Photo of Sir Gerald Hohler Sir Gerald Hohler , Rochester Gillingham

I do not propose to vote against the Second Reading, because I shall wait to see what Amendment is made to Clause 2, which is the Clause to which I object. I am far from satisfied with the very vague statement of the Home Secretary. There has been talk about liberty to keep brothels. I do not think I have heard any germane argument in favour of liberty to keep brothels.

Photo of Sir Gerald Hurst Sir Gerald Hurst , Manchester Moss Side

I never said the hon. Member wished to retain liberty to keep brothels. What was said was that the Bill offended against the principle of liberty, and one of the provisions in the Bill refers specifically to the keeping of brothels.
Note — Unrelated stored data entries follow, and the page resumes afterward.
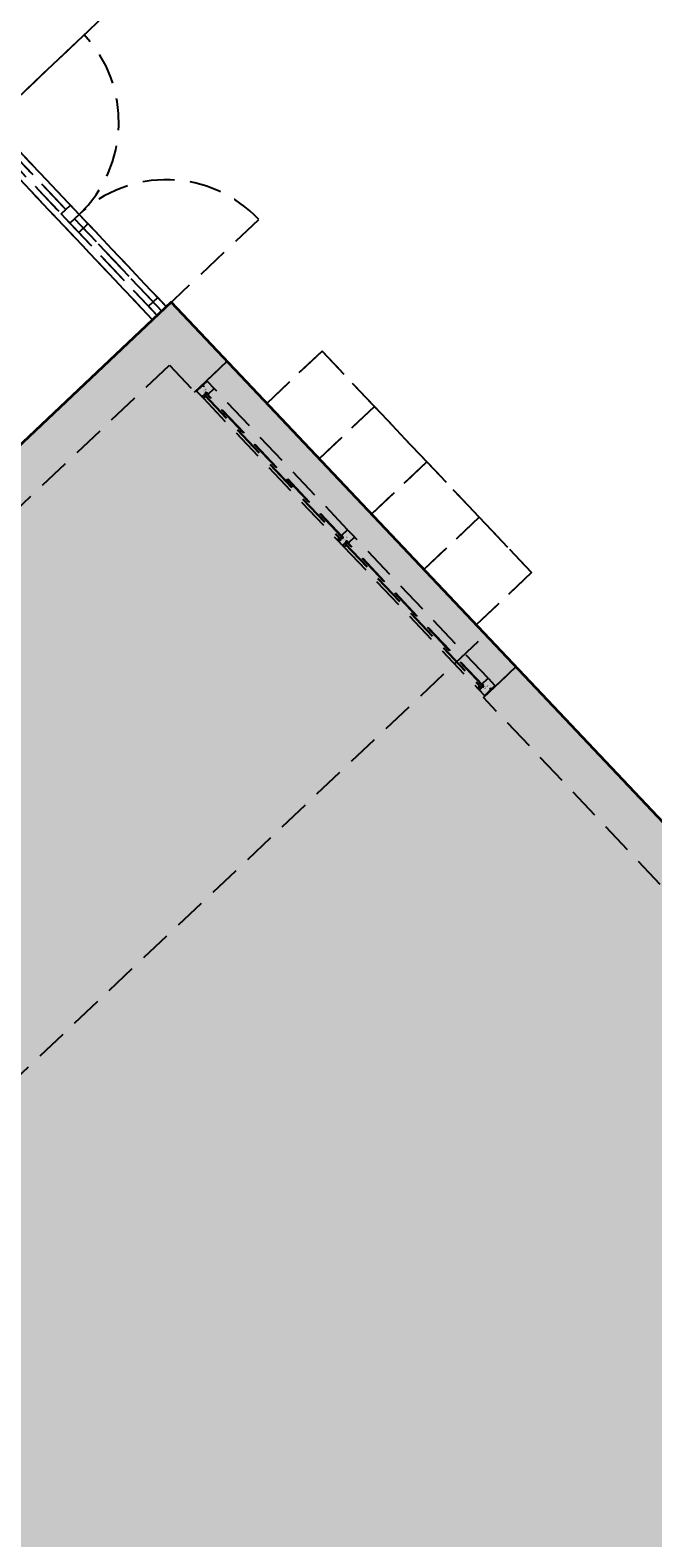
# Model space of a CAD drawing. Header units: metres. Extents: x 104098 to 104607, y 427853 to 428230.
# Tile 46 of 147: x 104254 to 104259, y 428119 to 428131. Entities that reach past the tile are written whole.
import ezdxf

# ---------------------------------------------------------------- set-up
doc = ezdxf.new("R2010")
doc.units = ezdxf.units.M
doc.linetypes.add('DASHED2', pattern=[0.375, 0.25, -0.125])
doc.layers.add('N-WE-OG-BEBOUWING-G_School', color=7, linetype='Continuous', lineweight=35)
doc.layers.add('N-WE-VH-VERHARDING-AP_BEBOUWING', color=7, linetype='Continuous', true_color=0xcfcfcf)
doc.styles.add('1_020-25', font='arial.ttf', dxfattribs={"height": 100})

# ---------------------------------------------------------------- blocks, each defined once
blk = doc.blocks.new('school2')
at = {"color": 252, "linetype": 'DASHED2'}
for p, q in [((107978.478, 456622.776), (107978.478, 456632.476)), ((107978.528, 456632.426), (107978.528, 456622.776)), ((107978.578, 456622.776), (107978.578, 456632.376)), ((107978.628, 456622.776), (107978.628, 456632.326)), ((107978.478, 456629.178), (107978.478, 456622.776)), ((107954.478, 456624.776), (107986.828, 456624.776)), ((107978.528, 456622.776), (107978.528, 456624.776)), ((107978.628, 456624.776), (107978.628, 456622.776)), ((107978.628, 456624.776), (107979.628, 456624.776)), ((107978.678, 456624.776), (107986.828, 456624.776)), ((107978.578, 456623.876), (107978.578, 456624.676)), ((107978.528, 456623.776), (107978.528, 456623.876)), ((107978.528, 456623.876), (107978.628, 456623.876)), ((107978.628, 456623.876), (107978.628, 456623.776)), ((107978.628, 456623.776), (107978.528, 456623.776)), ((107978.528, 456623.676), (107978.528, 456623.776)), ((107978.528, 456623.776), (107978.628, 456623.776)), ((107978.628, 456623.776), (107978.628, 456623.676)), ((107978.628, 456623.676), (107978.528, 456623.676)), ((107978.578, 456622.876), (107978.578, 456623.676)), ((107978.528, 456622.776), (107978.528, 456622.876)), ((107978.528, 456622.876), (107978.628, 456622.876)), ((107978.628, 456622.876), (107978.628, 456622.776)), ((107978.478, 456622.776), (107950.874, 456622.776)), ((107978.678, 456622.776), (107955.478, 456622.776)), ((107978.678, 456622.776), (107955.478, 456622.776)), ((107978.678, 456622.776), (107955.478, 456622.776)), ((107978.678, 456622.776), (107955.478, 456622.776)), ((107955.478, 456622.776), (107978.678, 456622.776)), ((107978.678, 456622.776), (107955.678, 456622.776)), ((107978.678, 456622.776), (107955.678, 456622.776)), ((107978.678, 456622.776), (107976.578, 456622.776)), ((107978.678, 456622.776), (107978.478, 456622.776)), ((107978.528, 456622.776), (107978.628, 456622.776)), ((107978.628, 456622.776), (107978.528, 456622.776)), ((107978.628, 456622.776), (107978.528, 456622.776)), ((107978.628, 456622.776), (107979.628, 456622.776)), ((107978.678, 456615.276), (107978.678, 456622.776)), ((107978.678, 456615.276), (107978.678, 456622.776)), ((107978.678, 456615.276), (107978.678, 456622.776)), ((107978.678, 456615.276), (107978.678, 456622.776)), ((107978.678, 456615.276), (107978.678, 456622.776)), ((107978.678, 456615.276), (107978.678, 456622.776)), ((107978.678, 456615.276), (107978.678, 456622.776)), ((107978.678, 456622.776), (107978.678, 456615.276)), ((107978.678, 456622.136), (107978.678, 456622.776)), ((107976.578, 456622.426), (107978.328, 456622.426)), ((107978.328, 456622.426), (107978.328, 456622.136)), ((107978.328, 456622.136), (107978.678, 456622.136)), ((107978.344, 456622.072), (107978.344, 456622.128)), ((107978.344, 456622.066), (107978.344, 456622.057)), ((107978.344, 456622.053), (107978.344, 456620.519)), ((107978.346, 456622.054), (107978.362, 456622.051)), ((107978.347, 456622.131), (107978.406, 456622.131)), ((107978.366, 456622.069), (107978.347, 456622.069)), ((107978.352, 456622.069), (107978.347, 456622.069)), ((107978.356, 456622.069), (107978.352, 456622.069)), ((107978.381, 456622.069), (107978.356, 456622.069)), ((107978.362, 456622.051), (107978.362, 456622.055)), ((107978.362, 456622.055), (107978.366, 456622.055)), ((107978.366, 456622.055), (107978.366, 456622.069)), ((107978.366, 456622.065), (107978.366, 456620.507)), ((107978.39, 456622.065), (107978.366, 456622.065)), ((107978.366, 456622.065), (107978.37, 456622.065)), ((107978.37, 456622.065), (107978.37, 456620.507)), ((107978.385, 456622.058), (107978.37, 456622.058)), ((107978.37, 456622.058), (107978.385, 456622.058)), ((107978.385, 456622.058), (107978.385, 456622.065)), ((107978.385, 456620.514), (107978.385, 456622.058)), ((107978.39, 456620.507), (107978.39, 456622.065)), ((107978.39, 456622.065), (107978.394, 456622.065)), ((107978.39, 456622.056), (107978.39, 456622.065)), ((107978.394, 456622.056), (107978.39, 456622.056)), ((107978.394, 456622.069), (107978.392, 456622.069)), ((107978.394, 456622.053), (107978.394, 456622.069)), ((107978.394, 456622.065), (107978.394, 456622.056)), ((107978.395, 456622.051), (107978.394, 456622.053)), ((107978.455, 456622.051), (107978.395, 456622.051)), ((107978.408, 456622.13), (107978.408, 456622.121)), ((107978.408, 456622.121), (107978.418, 456622.121)), ((107978.418, 456622.121), (107978.418, 456622.13)), ((107978.42, 456622.131), (107978.455, 456622.131)), ((107978.455, 456622.131), (107978.455, 456622.131)), ((107978.455, 456622.131), (107978.455, 456622.131)), ((107978.455, 456622.131), (107978.455, 456622.131)), ((107978.455, 456622.131), (107978.455, 456622.131)), ((107978.455, 456622.131), (107978.455, 456622.131)), ((107978.455, 456622.131), (107978.455, 456622.131)), ((107978.678, 456622.136), (107978.458, 456622.136)), ((107978.458, 456622.128), (107978.458, 456622.054)), ((107978.458, 456620.521), (107978.458, 456622.051)), ((107978.678, 456618.826), (107978.678, 456622.136)), ((107979.278, 456621.681), (107978.678, 456621.681)), ((107978.678, 456621.681), (107978.678, 456621.081)), ((107978.678, 456621.681), (107979.278, 456621.681)), ((107978.678, 456619.281), (107978.678, 456621.681)), ((107978.678, 456621.681), (107979.278, 456621.681)), ((107978.678, 456619.281), (107978.678, 456621.681)), ((107979.278, 456621.081), (107979.278, 456621.681)), ((107979.278, 456621.681), (107979.278, 456619.281)), ((107979.278, 456621.681), (107979.278, 456619.281)), ((107978.678, 456621.081), (107979.278, 456621.081)), ((107979.278, 456621.081), (107978.678, 456621.081)), ((107978.678, 456621.081), (107978.678, 456620.481)), ((107979.278, 456620.481), (107979.278, 456621.081)), ((107978.344, 456620.506), (107978.344, 456620.515)), ((107978.344, 456620.462), (107978.344, 456620.5)), ((107978.346, 456620.518), (107978.362, 456620.521)), ((107978.366, 456620.503), (107978.347, 456620.503)), ((107978.347, 456620.503), (107978.352, 456620.503)), ((107978.352, 456620.503), (107978.352, 456620.503)), ((107978.352, 456620.503), (107978.356, 456620.503)), ((107978.356, 456620.503), (107978.356, 456620.503)), ((107978.356, 456620.503), (107978.381, 456620.503)), ((107978.362, 456620.521), (107978.362, 456620.517)), ((107978.362, 456620.517), (107978.366, 456620.517)), ((107978.366, 456620.517), (107978.366, 456620.503)), ((107978.366, 456620.507), (107978.39, 456620.507)), ((107978.385, 456620.514), (107978.37, 456620.514)), ((107978.37, 456620.514), (107978.385, 456620.514)), ((107978.37, 456620.507), (107978.385, 456620.507)), ((107978.385, 456620.507), (107978.385, 456620.514)), ((107978.394, 456620.516), (107978.39, 456620.516)), ((107978.39, 456620.516), (107978.39, 456620.507)), ((107978.39, 456620.507), (107978.394, 456620.507)), ((107978.392, 456620.503), (107978.394, 456620.503)), ((107978.394, 456620.52), (107978.395, 456620.521)), ((107978.394, 456620.503), (107978.394, 456620.52)), ((107978.394, 456620.507), (107978.394, 456620.516)), ((107978.395, 456620.521), (107978.455, 456620.521)), ((107978.458, 456620.518), (107978.458, 456620.444)), ((107978.344, 456620.456), (107978.344, 456620.447)), ((107978.344, 456620.443), (107978.344, 456618.909)), ((107978.346, 456620.444), (107978.362, 456620.441)), ((107978.366, 456620.459), (107978.347, 456620.459)), ((107978.352, 456620.459), (107978.347, 456620.459)), ((107978.352, 456620.459), (107978.352, 456620.459)), ((107978.356, 456620.459), (107978.352, 456620.459)), ((107978.381, 456620.459), (107978.356, 456620.459)), ((107978.362, 456620.441), (107978.362, 456620.445)), ((107978.362, 456620.445), (107978.366, 456620.445)), ((107978.366, 456620.445), (107978.366, 456620.459)), ((107978.366, 456620.455), (107978.366, 456618.897)), ((107978.39, 456620.455), (107978.366, 456620.455)), ((107978.366, 456620.455), (107978.37, 456620.455)), ((107978.37, 456620.455), (107978.37, 456618.897)), ((107978.385, 456620.448), (107978.37, 456620.448)), ((107978.37, 456620.448), (107978.385, 456620.448)), ((107978.385, 456620.448), (107978.385, 456620.455)), ((107978.385, 456618.904), (107978.385, 456620.448)), ((107978.39, 456620.455), (107978.394, 456620.455)), ((107978.39, 456620.446), (107978.39, 456620.455)), ((107978.39, 456618.897), (107978.39, 456620.455)), ((107978.394, 456620.446), (107978.39, 456620.446)), ((107978.394, 456620.459), (107978.392, 456620.459)), ((107978.394, 456620.443), (107978.394, 456620.459)), ((107978.394, 456620.455), (107978.394, 456620.446)), ((107978.395, 456620.441), (107978.394, 456620.443)), ((107978.455, 456620.441), (107978.395, 456620.441)), ((107978.458, 456618.911), (107978.458, 456620.441)), ((107978.678, 456620.481), (107979.278, 456620.481)), ((107979.278, 456620.481), (107978.678, 456620.481)), ((107978.678, 456620.481), (107978.678, 456619.881)), ((107979.278, 456619.881), (107979.278, 456620.481)), ((107978.678, 456619.881), (107979.278, 456619.881)), ((107979.278, 456619.881), (107978.678, 456619.881)), ((107978.678, 456619.881), (107978.678, 456619.281)), ((107979.278, 456619.281), (107979.278, 456619.881)), ((107978.678, 456619.281), (107979.278, 456619.281)), ((107979.278, 456619.281), (107978.678, 456619.281)), ((107979.278, 456619.281), (107978.678, 456619.281)), ((107955.478, 456619.176), (107978.678, 456619.176)), ((107978.328, 456614.926), (107978.328, 456618.826)), ((107978.328, 456618.826), (107978.678, 456618.826)), ((107978.344, 456618.896), (107978.344, 456618.905)), ((107978.344, 456618.834), (107978.344, 456618.89)), ((107978.346, 456618.908), (107978.362, 456618.911)), ((107978.366, 456618.893), (107978.347, 456618.893)), ((107978.347, 456618.893), (107978.352, 456618.893)), ((107978.406, 456618.831), (107978.347, 456618.831)), ((107978.352, 456618.893), (107978.356, 456618.893)), ((107978.356, 456618.893), (107978.381, 456618.893)), ((107978.362, 456618.911), (107978.362, 456618.907)), ((107978.362, 456618.907), (107978.366, 456618.907)), ((107978.366, 456618.907), (107978.366, 456618.893)), ((107978.366, 456618.897), (107978.39, 456618.897)), ((107978.385, 456618.904), (107978.37, 456618.904)), ((107978.37, 456618.904), (107978.385, 456618.904)), ((107978.37, 456618.897), (107978.385, 456618.897)), ((107978.385, 456618.897), (107978.385, 456618.904)), ((107978.394, 456618.906), (107978.39, 456618.906)), ((107978.39, 456618.906), (107978.39, 456618.897)), ((107978.39, 456618.897), (107978.394, 456618.897)), ((107978.392, 456618.893), (107978.394, 456618.893)), ((107978.394, 456618.91), (107978.395, 456618.911)), ((107978.394, 456618.893), (107978.394, 456618.91)), ((107978.394, 456618.897), (107978.394, 456618.906)), ((107978.395, 456618.911), (107978.455, 456618.911)), ((107978.418, 456618.841), (107978.408, 456618.841)), ((107978.408, 456618.841), (107978.408, 456618.833)), ((107978.418, 456618.833), (107978.418, 456618.841)), ((107978.455, 456618.831), (107978.42, 456618.831)), ((107978.455, 456618.831), (107978.455, 456618.831)), ((107978.455, 456618.831), (107978.455, 456618.831)), ((107978.455, 456618.831), (107978.455, 456618.831)), ((107978.455, 456618.831), (107978.455, 456618.831)), ((107978.455, 456618.831), (107978.455, 456618.831)), ((107978.455, 456618.831), (107978.455, 456618.831)), ((107978.458, 456618.908), (107978.458, 456618.834)), ((107978.458, 456618.826), (107978.678, 456618.826)), ((107978.678, 456618.826), (107978.678, 456614.926))]:
    blk.add_line(p, q, dxfattribs=at)
for centre, radius, start, end in [((107963.176, 457111.127), 478.542, 270.12847, 276.22859), ((107963.176, 457111.127), 478.542, 270.12847, 276.22859), ((107963.176, 457111.127), 478.643, 270.12847, 276.22731), ((107963.176, 457111.127), 478.542, 270.12847, 273.55926), ((107963.176, 457111.127), 478.643, 270.12847, 273.55926), ((107963.176, 457111.127), 478.643, 270.12847, 273.55926), ((107963.176, 457111.127), 478.643, 270.12847, 273.55926), ((107963.176, 457111.127), 480.893, 270.12847, 276.19862), ((107978.628, 456624.776), 1, 270, 0), ((107978.628, 456622.776), 1, 0, 90), ((107978.347, 456622.128), 0.003, 90, 180), ((107978.347, 456622.072), 0.003, 180, 270), ((107978.347, 456622.066), 0.003, 90, 180), ((107978.347, 456622.057), 0.003, 180, 255.1242), ((107978.356, 456622.042), 0.0113, 31.5104, 60.0231), ((107978.386, 456622.069), 0.00515, 0, 180), ((107978.396, 456622.045), 0.00647, 93.5212, 153.9161), ((107978.406, 456622.13), 0.0015, 0, 90), ((107978.42, 456622.13), 0.0015, 90, 180), ((107978.455, 456622.128), 0.003, 0, 90), ((107978.455, 456622.054), 0.003, 270, 0), ((107978.347, 456620.515), 0.003, 104.8758, 180), ((107978.347, 456620.506), 0.003, 180, 270), ((107978.347, 456620.5), 0.003, 90, 180), ((107978.356, 456620.531), 0.0113, 299.9769, 328.4896), ((107978.386, 456620.503), 0.00515, 180, 0), ((107978.396, 456620.528), 0.00647, 206.0839, 266.4788), ((107978.455, 456620.518), 0.003, 0, 90), ((107978.347, 456620.462), 0.003, 180, 270), ((107978.347, 456620.456), 0.003, 90, 180), ((107978.347, 456620.447), 0.003, 180, 255.1242), ((107978.356, 456620.432), 0.0113, 31.5104, 60.0231), ((107978.386, 456620.459), 0.00515, 0, 180), ((107978.396, 456620.435), 0.00647, 93.5212, 153.9161), ((107978.455, 456620.444), 0.003, 270, 0), ((107978.347, 456618.905), 0.003, 104.8758, 180), ((107978.347, 456618.896), 0.003, 180, 270), ((107978.347, 456618.89), 0.003, 90, 180), ((107978.347, 456618.834), 0.003, 180, 270), ((107978.356, 456618.921), 0.0113, 299.9769, 328.4896), ((107978.386, 456618.893), 0.00515, 180, 0), ((107978.396, 456618.918), 0.00647, 206.0839, 266.4788), ((107978.406, 456618.833), 0.0015, 270, 0), ((107978.42, 456618.833), 0.0015, 180, 270), ((107978.455, 456618.908), 0.003, 0, 90), ((107978.455, 456618.834), 0.003, 270, 360)]:
    blk.add_arc(centre, radius, start, end, dxfattribs=at)
at = {"color": 252, "linetype": 'DASHED2', "style": '1_020-25'}
for p in [(107978.419, 456622.095), (107978.419, 456620.485), (107978.419, 456618.875)]:
    blk.add_text('80x114', height=0.008, rotation=180, dxfattribs=at).set_placement(p)

msp = doc.modelspace()

# ---------------------------------------------------------------- hatches: boundary and pattern name
at = {"layer": 'N-WE-VH-VERHARDING-AP_BEBOUWING'}
h = msp.add_hatch(color=256, dxfattribs=at)
h.dxf.hatch_style = 1
h.paths.add_polyline_path([(104238.431, 428112.824), (104250.593, 428099.965), (104267.448, 428115.906), (104271.571, 428111.547), (104277.238, 428116.907), (104278.269, 428115.817), (104295.124, 428131.758), (104281.931, 428145.708), (104265.076, 428129.766), (104266.106, 428128.676), (104260.439, 428123.317), (104255.286, 428128.766)])

# ---------------------------------------------------------------- linework, layer by layer
at = {"layer": 'N-WE-OG-BEBOUWING-G_School'}
msp.add_lwpolyline([(104238.431, 428112.824), (104250.593, 428099.965), (104267.448, 428115.906), (104271.571, 428111.547), (104277.238, 428116.907), (104278.269, 428115.817), (104295.124, 428131.758), (104281.931, 428145.708), (104265.076, 428129.766), (104266.106, 428128.676), (104260.439, 428123.317), (104255.286, 428128.766)], close=True, dxfattribs=at)

# ---------------------------------------------------------------- block references
at = {"rotation": 43.40342385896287}
msp.add_blockref('school2', (339564.779, 22181.482), dxfattribs=at)

doc.saveas('drawing.dxf')

Photo of Sir Gerald Hohler Sir Gerald Hohler , Rochester Gillingham

My hon. Friend surely knows that it is quite unnecessary in his speech to refer to something to which no one has objected. I honestly do not believe, from what I have heard, that anyone desires to prevent any thing being done to protect girls of 16. Certainly it is not my desire. I am only too anxious to protect them. But, as stated by the hon. Member for Portsmouth (Sir T. Bramsdon), it is not a question of assault at all. The legislation proceeds, and has proceeded, on the assumption of consent, and, therefore, when you speak of assault, it is really quite an error, and what we really have to consider, with a little fairness, is what Clause 2 means. I candidly admit that I see considerable objections. The hon. Member (Mrs. Wintringham) made an admirable speech and addressed the House in a much more reasonable frame of mind in regard to what was just than some of my hon. Friends. My difficulty is this: I am quite willing to afford every protection, but the difficulty is, that the interval between, say, 15 years and 364 days, or whatever it may be, and 16 years and a day is very small.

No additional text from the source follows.